[Paper Notes] Google Borg (Predecessor of Kubernetes)

26 May, 2025

EuroSys'15, by Google

Cluster management, inspiring K8S

further reading: Borg, Omega, and Kubernetes: Lessons learned from three container-management systems over a decade

TL; DR: cluster management for developer/admin, aimed for reliability/availability, efficiency, simplicity.

Components

job: user submission unit, consists of one or more tasks.

Jobs have constraints on machines with particular attributes (e.g., CPU, OS).
priority: represents the priority of scheduling, higher one can preempt the lower one.

task: a set of Linux processes running in a container on a machine.

cell: a set of machines as a cluster unit to run jobs. Median cell size is 10k.

workload: 1) long-running services: latency sensitive, e.g., Gmail, Google Docs, web search. 2) batch job: best-effect.

Architecture

Borgmaster

Each cell has a logically centralized controller Borgmaster. Each Borgmaster consists of two processes: the main Borgmaster process and a separate scheduler:

main Borgmaster: handles client RPCs; manages state machines; communicates with Borglet; etc. Each main Borgmaster has five replications with Paxos-based store on each replica's local disk.
scheduler: scans the pending queue asynchronously where jobs are added by Borgmaster; assigns tasks to machines.

Scheduling Algorithm

The scheduler will asign tasks in jobs to machines based on the scheduling algorithm, which has two parts: feasibility checking an scoring:

feasibility checking: finds a set of machines that 1) meet the task's constraints, and 2) have enough avaiable space;
scoring: hybrid methods of E-PVM and "best fit". E-PVM ends up spreading load across machines, while best fit tries to fill machines as tightly as possible.

Performance metrics: task startup latency (the time from job submission to a task running), median is 25s. Package installation takes 80% time. Some optimizations: 1) assign tasks to machines that already have the necessary packages, 2) distributes packages to machines in parallel.

Borglet

The Borglet is a local Borg agent that is present on every machine in a cell (a local controller compared with Borgmaster as global controller in the scope of a cell).
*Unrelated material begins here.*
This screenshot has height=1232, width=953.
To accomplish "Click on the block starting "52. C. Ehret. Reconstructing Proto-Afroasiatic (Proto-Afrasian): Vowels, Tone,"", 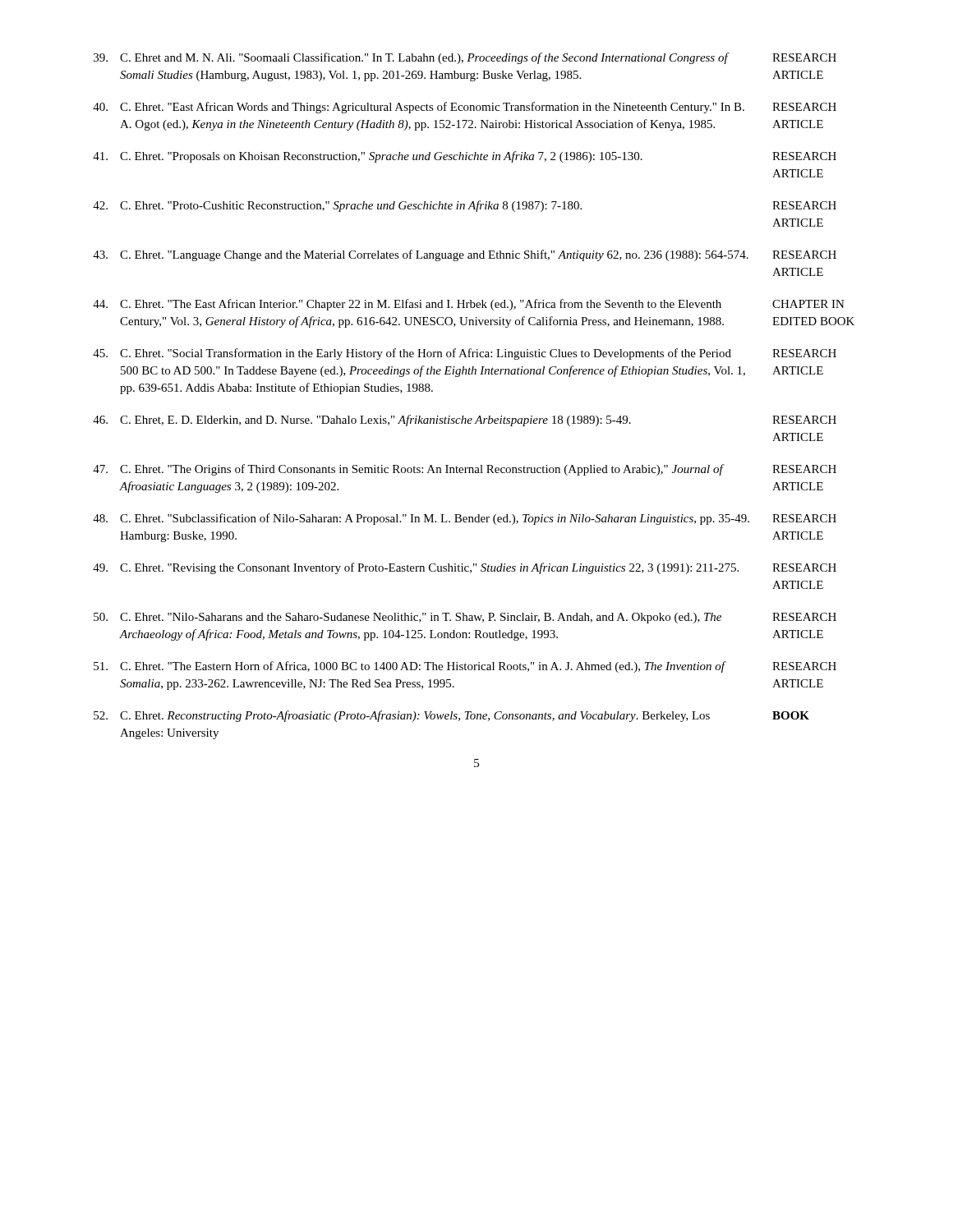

The Borglet can 1) start, stop, and restart (if fail) tasks; 2) manage local resources (e.g. OS kernel settings); 3) report the state of the machien to Borgmaster and other monitoring systems, etc.

The Borgmaster control the Borglets by periodically polling each Borglet's state and send it requests.

Scalability

A single Borgmaster can: 1) manage many thousands of machines in a cell, and 2) cells have arrival rates above 10,000 task per minute.

Some techniques to improve scalability: 1) split the scheduler into a separate process that can operate in parallel; 2) to improve response time, add separate threads to talk to Borglets and respond to read-only RPCs (updates should go through master); 3) score caching: cache the scores until the properties of machine or task change; 4) do scheduling for one task per equivalence class (with identical requirements); 5) examine machines for scheduling in random order.

Availability

Some sources of task eviction are: preemption (most for non-prod tasks), machine failure, machine shutdown (most for prod task), out of resources, etc.

Borg use some techniques to mitigate the impart of task evictions:

automatically reschedule evicted tasks;
spread tasks of a job across failure domains (e.g., machines, raks, and power domains);
limit the rate/number of task disruption from a job that can be simultaneously down during maintenance (e.g., OS/machine upgrades);
use declarative desired-state representations (used in k8s) and idempotent mutating operations (for consistency against failure);
etc.

A key design feature: let already-running tasks continue to run even if the Borgmaster/task's Borglet goes down.